-- Your objective --
Skipping each picture, output the entries exactly as they stand below.

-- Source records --

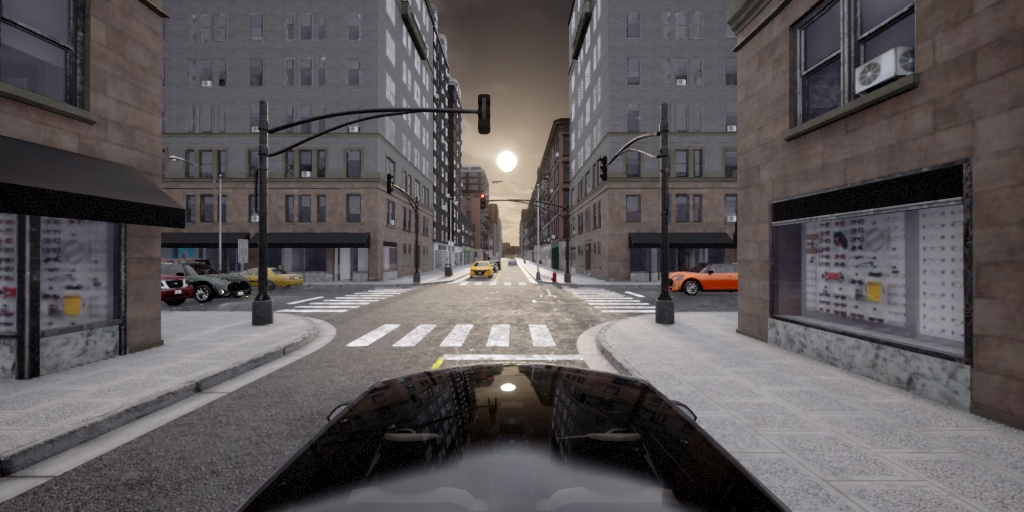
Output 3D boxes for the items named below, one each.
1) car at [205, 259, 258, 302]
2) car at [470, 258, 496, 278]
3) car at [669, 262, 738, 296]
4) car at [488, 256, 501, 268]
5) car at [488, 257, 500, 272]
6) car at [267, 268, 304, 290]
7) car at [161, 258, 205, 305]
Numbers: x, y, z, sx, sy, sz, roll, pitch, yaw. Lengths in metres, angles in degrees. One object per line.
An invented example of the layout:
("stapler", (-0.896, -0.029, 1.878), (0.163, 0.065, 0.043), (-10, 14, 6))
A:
("car", (-14.378, 1.084, 16.045), (4.553, 1.767, 2.097), (0, 0, 0))
("car", (-2.820, 1.223, 33.855), (1.882, 1.535, 5.008), (0, 0, 0))
("car", (10.436, 1.120, 18.983), (4.553, 1.767, 2.097), (0, 0, 1))
("car", (-2.799, 0.955, 54.851), (2.150, 2.045, 5.566), (0, 0, 0))
("car", (-2.814, 1.246, 44.258), (1.837, 1.490, 4.892), (0, 0, 0))
("car", (-15.234, 1.280, 21.531), (4.829, 1.417, 1.751), (0, 0, 0))
("car", (-15.090, 1.035, 13.505), (5.009, 1.841, 2.192), (0, 0, 0))
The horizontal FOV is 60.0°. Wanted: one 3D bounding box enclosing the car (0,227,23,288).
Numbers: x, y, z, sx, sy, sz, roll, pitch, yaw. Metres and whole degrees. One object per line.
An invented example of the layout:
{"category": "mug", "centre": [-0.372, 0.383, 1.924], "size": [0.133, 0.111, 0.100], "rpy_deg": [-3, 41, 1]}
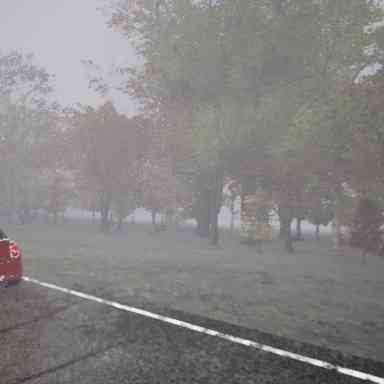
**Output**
{"category": "car", "centre": [-6.155, 1.367, 8.117], "size": [4.553, 1.767, 2.097], "rpy_deg": [0, 0, 36]}
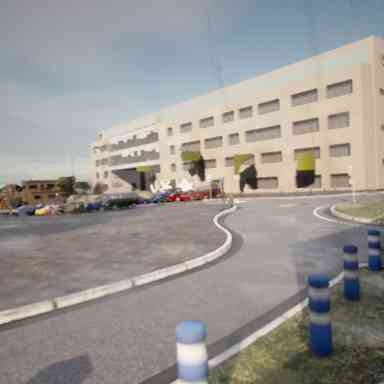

-- Answer below --
Output 3D boxes for the items named below, one each.
1) car at [205, 259, 258, 302]
2) car at [470, 258, 496, 278]
3) car at [669, 262, 738, 296]
4) car at [488, 256, 501, 268]
5) car at [488, 257, 500, 272]
6) car at [267, 268, 304, 290]
7) car at [161, 258, 205, 305]
Numbers: x, y, z, sx, sy, sz, roll, pitch, yaw. Lengths in metres, angles in degrees. One object per line.
An invented example of the layout:
("stapler", (-0.896, -0.029, 1.878), (0.163, 0.065, 0.043), (-10, 14, 6))
A:
("car", (-14.378, 1.084, 16.045), (4.553, 1.767, 2.097), (0, 0, 0))
("car", (-2.820, 1.223, 33.855), (1.882, 1.535, 5.008), (0, 0, 0))
("car", (10.436, 1.120, 18.983), (4.553, 1.767, 2.097), (0, 0, 1))
("car", (-2.799, 0.955, 54.851), (2.150, 2.045, 5.566), (0, 0, 0))
("car", (-2.814, 1.246, 44.258), (1.837, 1.490, 4.892), (0, 0, 0))
("car", (-15.234, 1.280, 21.531), (4.829, 1.417, 1.751), (0, 0, 0))
("car", (-15.090, 1.035, 13.505), (5.009, 1.841, 2.192), (0, 0, 0))
The horizontal FOV is 60.0°. Wanted: one 3D bounding box enclosing the car (0,227,23,288).
Numbers: x, y, z, sx, sy, sz, roll, pitch, yaw. Metres and whole degrees. One object per line.
An invented example of the layout:
{"category": "mug", "centre": [-0.372, 0.383, 1.924], "size": [0.133, 0.111, 0.100], "rpy_deg": [-3, 41, 1]}
**Output**
{"category": "car", "centre": [-6.155, 1.367, 8.117], "size": [4.553, 1.767, 2.097], "rpy_deg": [0, 0, 36]}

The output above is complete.